La prévisible déchéance du Parti Socialiste est emblématique de cet évanouissement de la politique. Les socialistes gouvernèrent à une époque où tout a été fait pour que l'on comprenne que la politique était devenue impossible, jusqu'à Rocard qui voulut se rapprocher du centre et épousa la démarche des experts sur l'impossibilité d'une autre politique que la rigueur. Les socialistes en rajoutaient dans le libéralisme, qui figure pourtant le déni du politique: mettant tout dans le même sac, les socialistes renièrent ensemble le social et le politique. Les socialistes ne paient pas des erreurs de gestion. Ils ne paient pas d'avoir été de mauvais libéraux, ils en furent d'excellents. Ils ne paient surtout pas d'avoir été trop à gauche, ils ne l'ont que rarement été. Les socialistes paient d'avoir laissé tomber la politique, d'en avoir eu honte. Les Français sont beaucoup moins antipolitiques qu'on ne le clame ordinairement: il faut croire qu'ils aiment tellement la politique qu'ils punissent politiquement ceux qui la renient.

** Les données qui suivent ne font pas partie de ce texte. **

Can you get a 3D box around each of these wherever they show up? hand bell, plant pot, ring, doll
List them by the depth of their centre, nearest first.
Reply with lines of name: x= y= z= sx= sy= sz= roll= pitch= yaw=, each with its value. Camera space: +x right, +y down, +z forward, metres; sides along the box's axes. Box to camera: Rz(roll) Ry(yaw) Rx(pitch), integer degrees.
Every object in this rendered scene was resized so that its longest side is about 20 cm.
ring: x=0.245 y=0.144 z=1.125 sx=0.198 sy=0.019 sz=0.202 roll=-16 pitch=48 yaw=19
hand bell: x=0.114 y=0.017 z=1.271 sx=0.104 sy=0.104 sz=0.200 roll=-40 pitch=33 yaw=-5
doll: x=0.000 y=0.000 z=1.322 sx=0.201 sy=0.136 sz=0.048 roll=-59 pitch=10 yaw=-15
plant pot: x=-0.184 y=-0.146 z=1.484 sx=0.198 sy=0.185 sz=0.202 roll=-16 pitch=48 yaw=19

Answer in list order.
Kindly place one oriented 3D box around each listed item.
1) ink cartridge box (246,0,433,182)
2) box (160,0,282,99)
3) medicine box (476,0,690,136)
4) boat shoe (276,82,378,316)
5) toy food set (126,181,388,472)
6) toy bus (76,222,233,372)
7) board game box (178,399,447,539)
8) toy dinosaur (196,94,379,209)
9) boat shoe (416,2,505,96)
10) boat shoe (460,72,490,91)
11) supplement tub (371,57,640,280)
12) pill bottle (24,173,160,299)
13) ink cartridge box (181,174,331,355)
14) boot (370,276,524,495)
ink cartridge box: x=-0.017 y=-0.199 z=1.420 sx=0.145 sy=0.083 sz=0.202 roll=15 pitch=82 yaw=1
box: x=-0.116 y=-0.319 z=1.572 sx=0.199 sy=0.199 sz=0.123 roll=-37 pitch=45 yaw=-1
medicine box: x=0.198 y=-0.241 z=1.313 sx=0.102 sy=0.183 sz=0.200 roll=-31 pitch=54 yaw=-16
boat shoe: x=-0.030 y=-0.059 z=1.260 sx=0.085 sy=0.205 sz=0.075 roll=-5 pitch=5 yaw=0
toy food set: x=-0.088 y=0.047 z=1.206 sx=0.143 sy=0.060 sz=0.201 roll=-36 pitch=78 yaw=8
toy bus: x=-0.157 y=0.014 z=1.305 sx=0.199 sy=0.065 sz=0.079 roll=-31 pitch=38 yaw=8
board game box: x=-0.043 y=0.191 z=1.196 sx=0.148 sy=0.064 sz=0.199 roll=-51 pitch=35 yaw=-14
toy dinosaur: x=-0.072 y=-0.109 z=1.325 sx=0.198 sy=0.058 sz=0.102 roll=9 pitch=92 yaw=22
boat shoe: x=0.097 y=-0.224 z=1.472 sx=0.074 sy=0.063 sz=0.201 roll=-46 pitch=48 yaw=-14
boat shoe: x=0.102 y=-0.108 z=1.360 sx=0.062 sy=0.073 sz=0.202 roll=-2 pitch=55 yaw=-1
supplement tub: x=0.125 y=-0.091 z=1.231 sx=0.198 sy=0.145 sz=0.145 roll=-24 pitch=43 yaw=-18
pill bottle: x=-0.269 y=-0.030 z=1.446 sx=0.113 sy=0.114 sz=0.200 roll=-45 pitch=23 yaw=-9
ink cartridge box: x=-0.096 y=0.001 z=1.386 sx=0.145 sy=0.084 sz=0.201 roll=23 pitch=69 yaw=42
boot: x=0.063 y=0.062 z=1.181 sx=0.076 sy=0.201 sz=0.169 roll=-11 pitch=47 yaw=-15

Quelle est l'opération «logique» qui a lieu le jour des élections, et qui est en «république de démocratie» (3) l'opération politique par excellence? Comment le peuple reconnaît-il à qui doit aller le pouvoir? Osons une réponse: l'intuition. Le suffrage universel repose sur l'intuition qu'un peuple a de son destin ¬cette intuition est la volonté générale, qui n'est pas la somme des volontés particulières¬ et qu'il exprime dans les urnes. Le démagogue fera tout pour le détourner de cette intuition. Le démagogue est celui qui obscurcit cette intuition, cette éclatante vision, qui la change en une identification pathologique. La démocratie et la démagogie font toutes les deux appel au peuple. On feint de croire que ce qui les distingue, c'est la compétence et le sérieux: le démagogue ne serait pas sérieux, tandis que le démocrate, lui, le serait. Pourtant, ce qui les distingue vraiment est autre chose: le démagogue cherche à empêcher l'intuition de son avenir par un peuple en lui proposant des processus maladifs d'identification, tandis que le démocrate fonde sa légitimité sur cette intuition populaire même. Un peuple d'experts ne serait pas un peuple politique, autrement dit, il n'aurait plus d'avenir devant soi.
Le suffrage universel est une errance entre des intuitions jusqu'au moment où l'on s'est fixé sur la bonne . Comment la reconnaît-on? Exactement comme un artiste, par exemple un musicien, sait, après avoir longuement erré, sans pouvoir l'expliquer, que c'est de cette manière-là, et pas d'une autre, que l'oeuvre doit être interprétée: on parle d'une interprétation juste, ou du trait juste en dessin, ou du mot juste dans un roman. C'est à la manière des artistes (l'intuition politique étant analogue à l'intuition artistique) qu'un peuple parvient à la conscience de sa volonté générale et au savoir de celui à qui doit aller le pouvoir. Tout autant qu'il dit que chacun est un être raisonnable, le suffrage universel dit que chacun est capable d'intuition.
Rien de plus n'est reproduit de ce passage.